For low frequency electric field measurements you could start off with some kind of electrometer instrument with a digitizing system attached to it or a DIY electrometer input op-amp buffer system in front of some kind of 24 bit ADC.  You'd want a lot of gain optionally and the ability to use less as desired.  You may also want some good filtering in analog as well as what can be done in DSP.

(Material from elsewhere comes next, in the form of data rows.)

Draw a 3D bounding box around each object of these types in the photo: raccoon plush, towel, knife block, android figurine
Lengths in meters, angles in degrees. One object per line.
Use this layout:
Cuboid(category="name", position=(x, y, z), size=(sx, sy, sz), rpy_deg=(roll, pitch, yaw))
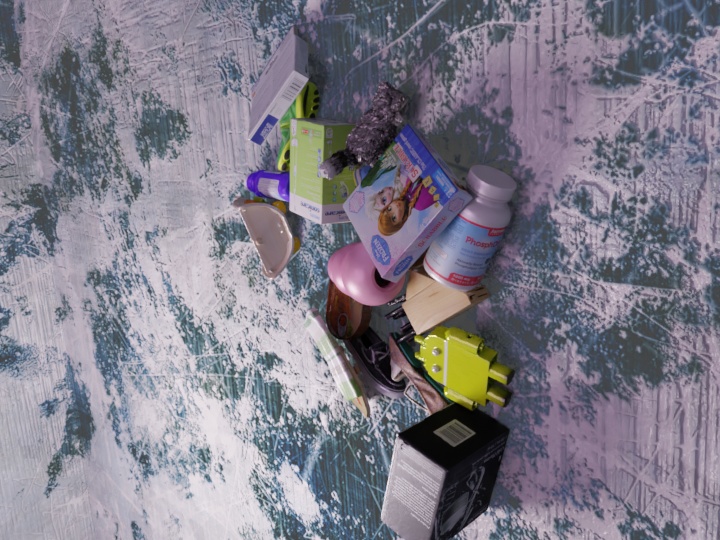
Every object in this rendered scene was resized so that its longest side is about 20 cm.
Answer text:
Cuboid(category="raccoon plush", position=(0.016, -0.254, 1.193), size=(0.097, 0.200, 0.134), rpy_deg=(32, 145, 16))
Cuboid(category="towel", position=(-0.063, 0.179, 1.354), size=(0.201, 0.031, 0.149), rpy_deg=(62, 169, 8))
Cuboid(category="knife block", position=(0.138, 0.087, 1.245), size=(0.200, 0.064, 0.176), rpy_deg=(24, 118, 40))
Cuboid(category="android figurine", position=(0.186, 0.177, 1.200), size=(0.199, 0.041, 0.183), rpy_deg=(25, 137, 28))

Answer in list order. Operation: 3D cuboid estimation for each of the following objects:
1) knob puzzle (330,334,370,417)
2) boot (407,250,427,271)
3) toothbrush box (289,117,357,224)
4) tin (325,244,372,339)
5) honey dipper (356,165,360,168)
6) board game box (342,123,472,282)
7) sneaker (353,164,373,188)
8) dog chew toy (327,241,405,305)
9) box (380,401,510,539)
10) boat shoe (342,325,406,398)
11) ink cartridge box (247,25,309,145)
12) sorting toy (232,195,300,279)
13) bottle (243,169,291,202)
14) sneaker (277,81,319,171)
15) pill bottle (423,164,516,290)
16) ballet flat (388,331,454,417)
Cuboid(category="knob puzzle", position=(-0.017, 0.224, 1.394), size=(0.220, 0.030, 0.220), rpy_deg=(59, 167, 22))
Cuboid(category="boot", position=(0.115, -0.070, 1.217), size=(0.074, 0.075, 0.200), rpy_deg=(55, 135, 23))
Cuboid(category="toothbrush box", position=(-0.080, -0.211, 1.359), size=(0.145, 0.086, 0.201), rpy_deg=(26, 118, 53))
Cuboid(category="tin", position=(-0.019, 0.048, 1.381), size=(0.112, 0.042, 0.201), rpy_deg=(4, 86, 50))
Cuboid(category="honey dipper", position=(0.024, -0.135, 1.328), size=(0.038, 0.038, 0.201), rpy_deg=(-36, 70, 45))
Cuboid(category="board game box", position=(0.072, -0.119, 1.127), size=(0.200, 0.041, 0.200), rpy_deg=(-50, 45, 23))
Cuboid(category="sneaker", position=(0.051, -0.134, 1.247), size=(0.082, 0.074, 0.201), rpy_deg=(-30, 63, 19))
Cuboid(category="dog chew toy", position=(0.000, 0.000, 1.265), size=(0.200, 0.124, 0.125), rpy_deg=(9, 108, 60))
Cuboid(category="box", position=(0.156, 0.377, 1.204), size=(0.124, 0.199, 0.198), rpy_deg=(29, 121, 37))
Cuboid(category="boat shoe", position=(0.036, 0.180, 1.377), size=(0.200, 0.071, 0.068), rpy_deg=(52, 134, 33))
Cuboid(category="ink cartridge box", position=(-0.178, -0.400, 1.406), size=(0.200, 0.040, 0.201), rpy_deg=(-45, 35, 34))
Cuboid(category="sorting toy", position=(-0.245, -0.109, 1.561), size=(0.180, 0.107, 0.201), rpy_deg=(29, 146, 52))
Cuboid(category="bottle", position=(-0.199, -0.197, 1.502), size=(0.200, 0.083, 0.066), rpy_deg=(15, 91, 47))
Cuboid(category="sneaker", position=(-0.143, -0.316, 1.428), size=(0.083, 0.074, 0.201), rpy_deg=(32, 112, 45))
Cuboid(category="pill bottle", position=(0.190, -0.073, 1.115), size=(0.109, 0.108, 0.201), rpy_deg=(41, 128, 31))
Cuboid(category="ballet flat", position=(0.103, 0.214, 1.304), size=(0.067, 0.068, 0.200), rpy_deg=(-44, 64, 10))
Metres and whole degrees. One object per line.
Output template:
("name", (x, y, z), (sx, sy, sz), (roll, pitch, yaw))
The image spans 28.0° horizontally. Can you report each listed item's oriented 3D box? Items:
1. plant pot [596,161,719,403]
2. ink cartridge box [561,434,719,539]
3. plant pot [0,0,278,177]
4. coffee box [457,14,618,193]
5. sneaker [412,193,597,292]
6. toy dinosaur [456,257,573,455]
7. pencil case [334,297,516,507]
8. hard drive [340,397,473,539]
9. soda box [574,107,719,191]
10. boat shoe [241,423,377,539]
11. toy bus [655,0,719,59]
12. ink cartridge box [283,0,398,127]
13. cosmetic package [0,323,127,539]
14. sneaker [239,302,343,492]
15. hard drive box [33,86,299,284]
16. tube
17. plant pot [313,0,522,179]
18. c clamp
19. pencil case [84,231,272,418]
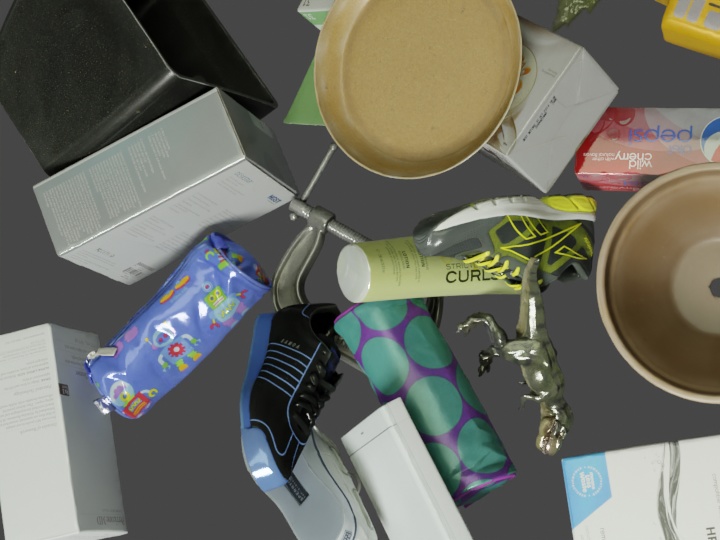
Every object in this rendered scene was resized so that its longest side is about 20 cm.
("plant pot", (0.306, 0.013, 1.234), (0.200, 0.093, 0.202), (-1, 85, 16))
("ink cartridge box", (0.280, 0.202, 1.226), (0.199, 0.068, 0.117), (-11, 78, 14))
("plant pot", (-0.234, -0.186, 1.385), (0.177, 0.199, 0.200), (-42, 72, 18))
("coffee box", (0.116, -0.170, 1.293), (0.115, 0.080, 0.200), (-54, 47, 2))
("sneaker", (0.135, -0.020, 1.256), (0.074, 0.199, 0.085), (-13, 84, 57))
("toy dinosaur", (0.137, 0.068, 1.273), (0.088, 0.047, 0.201), (5, 124, 32))
("pencil case", (0.057, 0.114, 1.283), (0.085, 0.092, 0.201), (-25, 78, -14))
("hard drive", (0.052, 0.218, 1.250), (0.027, 0.132, 0.201), (-24, 80, -23))
("soda box", (0.292, -0.105, 1.274), (0.199, 0.070, 0.064), (2, 80, 16))
("boat shoe", (-0.038, 0.192, 1.319), (0.075, 0.086, 0.202), (-50, 43, 8))
("toy bus", (0.338, -0.228, 1.285), (0.199, 0.065, 0.079), (22, 89, 18))
("ink cartridge box", (-0.003, -0.232, 1.341), (0.145, 0.048, 0.201), (10, 69, 51))
("cosmetic package", (-0.292, 0.160, 1.376), (0.081, 0.113, 0.201), (-15, 78, 13))
("sneaker", (-0.057, 0.105, 1.287), (0.078, 0.070, 0.201), (-15, 44, 16))
("hard drive box", (-0.178, -0.074, 1.360), (0.199, 0.156, 0.077), (-26, 74, 10))
("tube", (0.073, -0.007, 1.277), (0.052, 0.199, 0.058), (32, 119, 49))
("plant pot", (0.051, -0.177, 1.241), (0.199, 0.027, 0.201), (-2, 86, 30))
("c clamp", (0.000, 0.000, 1.362), (0.200, 0.027, 0.171), (35, 93, 18))
("pencil case", (-0.179, 0.052, 1.376), (0.200, 0.087, 0.078), (-44, 39, 4))
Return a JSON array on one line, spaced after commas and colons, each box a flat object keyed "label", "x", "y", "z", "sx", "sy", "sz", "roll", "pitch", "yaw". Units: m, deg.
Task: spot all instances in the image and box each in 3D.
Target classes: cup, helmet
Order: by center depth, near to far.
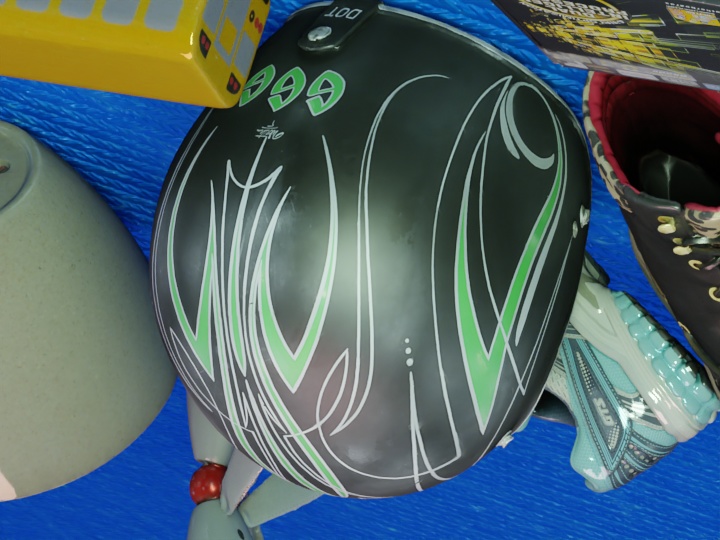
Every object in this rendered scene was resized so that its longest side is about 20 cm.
[{"label": "helmet", "x": 0.000, "y": 0.000, "z": 1.274, "sx": 0.199, "sy": 0.191, "sz": 0.200, "roll": 19, "pitch": 162, "yaw": 7}, {"label": "cup", "x": -0.205, "y": 0.005, "z": 1.542, "sx": 0.199, "sy": 0.201, "sz": 0.144, "roll": 10, "pitch": 135, "yaw": 21}]

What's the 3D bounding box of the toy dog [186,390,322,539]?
[{"label": "toy dog", "x": -0.052, "y": 0.087, "z": 1.651, "sx": 0.096, "sy": 0.201, "sz": 0.132, "roll": -7, "pitch": 180, "yaw": 17}]

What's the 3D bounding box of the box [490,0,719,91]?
[{"label": "box", "x": 0.148, "y": -0.098, "z": 1.048, "sx": 0.199, "sy": 0.049, "sz": 0.161, "roll": 11, "pitch": 176, "yaw": 18}]

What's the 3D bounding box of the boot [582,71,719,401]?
[{"label": "boot", "x": 0.166, "y": 0.002, "z": 1.225, "sx": 0.200, "sy": 0.073, "sz": 0.151, "roll": 58, "pitch": 180, "yaw": 33}]

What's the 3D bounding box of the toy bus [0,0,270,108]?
[{"label": "toy bus", "x": -0.140, "y": -0.125, "z": 1.227, "sx": 0.199, "sy": 0.079, "sz": 0.065, "roll": 10, "pitch": 161, "yaw": 22}]

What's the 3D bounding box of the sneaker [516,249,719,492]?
[{"label": "sneaker", "x": 0.078, "y": 0.023, "z": 1.353, "sx": 0.200, "sy": 0.086, "sz": 0.078, "roll": 47, "pitch": -177, "yaw": 37}]
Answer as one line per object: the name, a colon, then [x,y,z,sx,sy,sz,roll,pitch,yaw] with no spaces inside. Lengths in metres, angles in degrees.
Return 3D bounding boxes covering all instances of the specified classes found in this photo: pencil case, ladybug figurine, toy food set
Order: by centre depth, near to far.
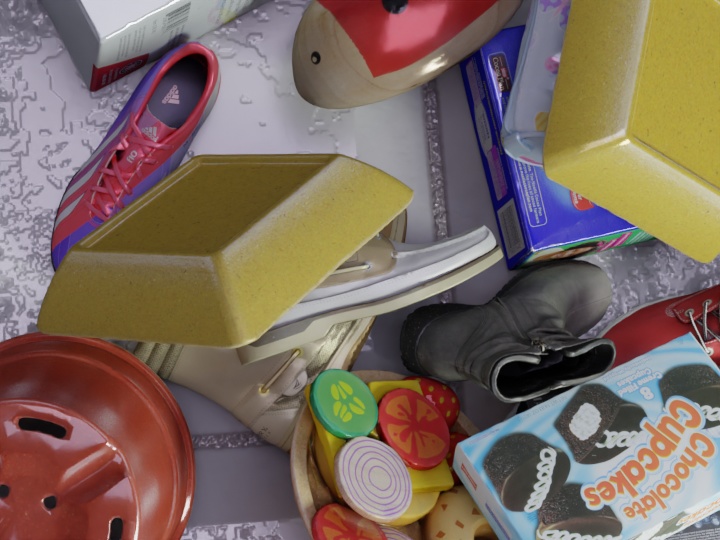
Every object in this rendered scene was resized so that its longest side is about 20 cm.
toy food set: [0.036,0.155,1.249,0.196,0.049,0.202,1,60,-39]
pencil case: [0.153,-0.173,1.301,0.090,0.083,0.202,16,77,-36]
ladybug figurine: [0.033,-0.195,1.334,0.199,0.136,0.072,-33,126,-10]

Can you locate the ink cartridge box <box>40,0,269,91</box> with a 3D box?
ink cartridge box: [-0.137,-0.249,1.306,0.199,0.145,0.146,-29,87,-14]

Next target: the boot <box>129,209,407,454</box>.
boot: [-0.065,0.013,1.318,0.154,0.073,0.202,27,81,-4]

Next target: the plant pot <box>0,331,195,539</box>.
plant pot: [-0.210,0.148,1.184,0.198,0.195,0.203,0,92,-3]

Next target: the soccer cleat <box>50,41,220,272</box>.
soccer cleat: [-0.163,-0.079,1.311,0.068,0.073,0.201,31,77,-4]

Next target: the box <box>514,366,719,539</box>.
box: [0.224,0.151,1.282,0.198,0.049,0.162,-7,54,-14]

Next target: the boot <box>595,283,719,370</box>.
boot: [0.266,0.033,1.329,0.198,0.144,0.073,-20,79,-17]

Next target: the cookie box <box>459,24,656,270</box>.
cookie box: [0.193,-0.107,1.380,0.198,0.075,0.173,-12,82,-11]

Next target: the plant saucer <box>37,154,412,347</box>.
plant saucer: [-0.097,-0.025,1.215,0.200,0.198,0.049,-42,123,-41]

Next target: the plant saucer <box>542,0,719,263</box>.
plant saucer: [0.223,-0.130,1.275,0.199,0.048,0.202,24,72,-40]

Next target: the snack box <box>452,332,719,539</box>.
snack box: [0.176,0.131,1.236,0.198,0.037,0.117,-23,60,-21]

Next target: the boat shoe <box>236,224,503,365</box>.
boat shoe: [0.000,0.000,1.254,0.198,0.075,0.069,-20,89,-9]

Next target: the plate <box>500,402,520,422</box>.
plate: [0.150,0.206,1.346,0.200,0.032,0.200,44,77,-2]

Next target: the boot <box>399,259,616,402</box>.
boot: [0.137,0.051,1.294,0.199,0.130,0.069,-17,111,-35]
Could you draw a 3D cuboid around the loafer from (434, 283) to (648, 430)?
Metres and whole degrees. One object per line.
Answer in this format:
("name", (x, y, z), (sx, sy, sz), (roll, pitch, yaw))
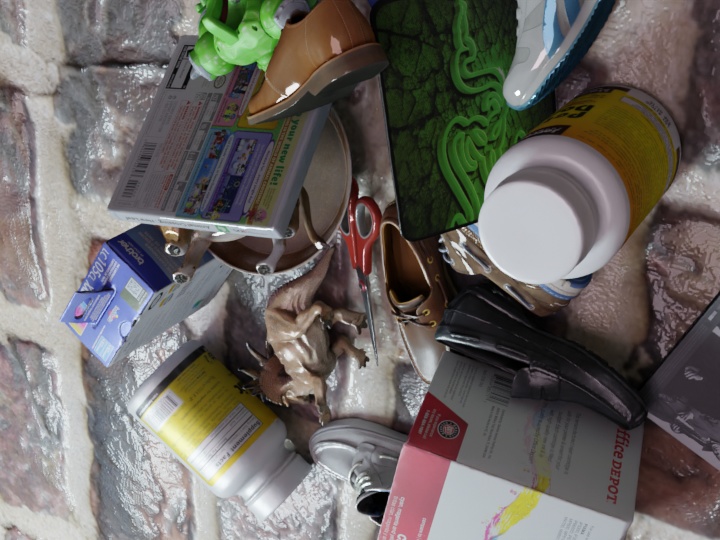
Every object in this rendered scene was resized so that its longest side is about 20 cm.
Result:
("loafer", (0.159, 0.089, 0.953), (0.201, 0.070, 0.068), (32, 165, 18))

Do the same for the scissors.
("scissors", (0.000, 0.000, 1.059), (0.073, 0.014, 0.200), (38, 141, 43))

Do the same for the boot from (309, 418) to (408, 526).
("boot", (0.013, 0.214, 1.114), (0.200, 0.096, 0.074), (3, 115, 32))

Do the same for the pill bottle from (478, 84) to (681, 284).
("pill bottle", (0.164, -0.064, 0.806), (0.109, 0.200, 0.109), (14, 120, 26))

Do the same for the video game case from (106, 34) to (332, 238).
("video game case", (-0.119, -0.127, 0.969), (0.182, 0.200, 0.022), (7, 156, 26))

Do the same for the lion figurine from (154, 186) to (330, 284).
("lion figurine", (-0.115, -0.054, 0.991), (0.200, 0.123, 0.072), (-1, 134, 13))

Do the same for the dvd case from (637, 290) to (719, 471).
("dvd case", (0.349, 0.123, 0.897), (0.200, 0.025, 0.150), (37, 128, 11))

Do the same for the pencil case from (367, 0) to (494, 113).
("pencil case", (0.041, -0.222, 0.858), (0.087, 0.078, 0.200), (-17, 118, 18))

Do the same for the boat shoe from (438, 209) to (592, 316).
("boat shoe", (0.105, -0.031, 0.944), (0.200, 0.072, 0.072), (42, 130, 8))

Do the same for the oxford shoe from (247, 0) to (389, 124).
("oxford shoe", (-0.044, -0.165, 0.851), (0.200, 0.071, 0.071), (-20, 93, 60))

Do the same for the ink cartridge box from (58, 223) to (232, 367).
("ink cartridge box", (-0.213, 0.010, 1.088), (0.076, 0.200, 0.136), (44, 129, 6))

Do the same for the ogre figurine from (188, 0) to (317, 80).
("ogre figurine", (-0.088, -0.231, 0.926), (0.200, 0.120, 0.098), (-2, 145, 28))

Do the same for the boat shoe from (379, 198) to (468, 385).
("boat shoe", (0.052, 0.025, 1.010), (0.072, 0.068, 0.200), (2, 115, 32))

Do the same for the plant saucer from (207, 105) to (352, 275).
("plant saucer", (-0.089, -0.096, 1.031), (0.200, 0.034, 0.200), (4, 98, 28))

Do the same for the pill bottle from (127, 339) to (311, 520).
("pill bottle", (-0.154, 0.182, 1.194), (0.200, 0.111, 0.111), (44, 129, 2))

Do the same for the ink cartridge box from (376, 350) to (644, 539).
("ink cartridge box", (0.138, 0.195, 0.968), (0.200, 0.145, 0.145), (19, 124, 9))

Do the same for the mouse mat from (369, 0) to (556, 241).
("mouse mat", (0.091, -0.133, 0.861), (0.008, 0.161, 0.200), (35, 138, 58))

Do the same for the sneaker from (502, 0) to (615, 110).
("sneaker", (0.152, -0.219, 0.819), (0.081, 0.077, 0.200), (30, 117, 14))

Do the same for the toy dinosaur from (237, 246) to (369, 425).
("toy dinosaur", (-0.069, 0.073, 1.107), (0.135, 0.086, 0.200), (13, 115, 35))
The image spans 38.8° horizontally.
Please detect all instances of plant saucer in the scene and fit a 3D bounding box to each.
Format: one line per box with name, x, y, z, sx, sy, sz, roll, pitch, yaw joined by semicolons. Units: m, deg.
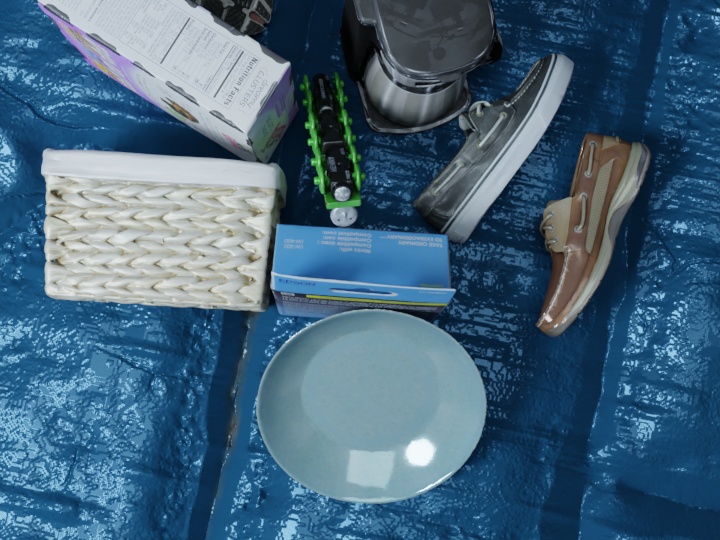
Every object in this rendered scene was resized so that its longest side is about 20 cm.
plant saucer;0.010;0.113;0.895;0.199;0.039;0.203;0;118;0

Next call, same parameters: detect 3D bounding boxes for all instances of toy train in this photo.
toy train;-0.026;-0.108;0.884;0.041;0.201;0.057;-5;128;-5

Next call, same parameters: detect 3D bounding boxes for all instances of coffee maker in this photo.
coffee maker;0.034;-0.229;0.881;0.134;0.200;0.193;-38;87;-6

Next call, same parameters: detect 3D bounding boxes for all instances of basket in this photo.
basket;-0.167;-0.031;0.887;0.198;0.136;0.125;4;88;-2

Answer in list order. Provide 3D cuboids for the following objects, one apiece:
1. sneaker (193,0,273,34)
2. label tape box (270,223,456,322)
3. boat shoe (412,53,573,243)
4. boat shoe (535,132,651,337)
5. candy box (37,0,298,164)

For low frequency magnetic field measurements you could start with a loop of wire (air core) going into a low noise pre-amplifier and several gain stages (and possibly filter stages) after that before digitization.  You could also look at the possibility of buying something like a SQUID detector and appropriate cryogenic cooling setup.  There are other possibilities like spin exchange magnetometers that aren't cryogenic but which are still pretty specialized.  You could get inexpensive (relatively) GMR sensors as well but they're not nearly as sensitive or suitable for larger detection areas.  You may want some kind of multi-axis Helmholtz coil system to help control external fields if they will disrupt whatever you are trying to measure.

If you clarify what exactly you're trying to measure in terms of the actual application and origin of the signals and constraints on the measurement apparatus / environment you'd get more specific answers.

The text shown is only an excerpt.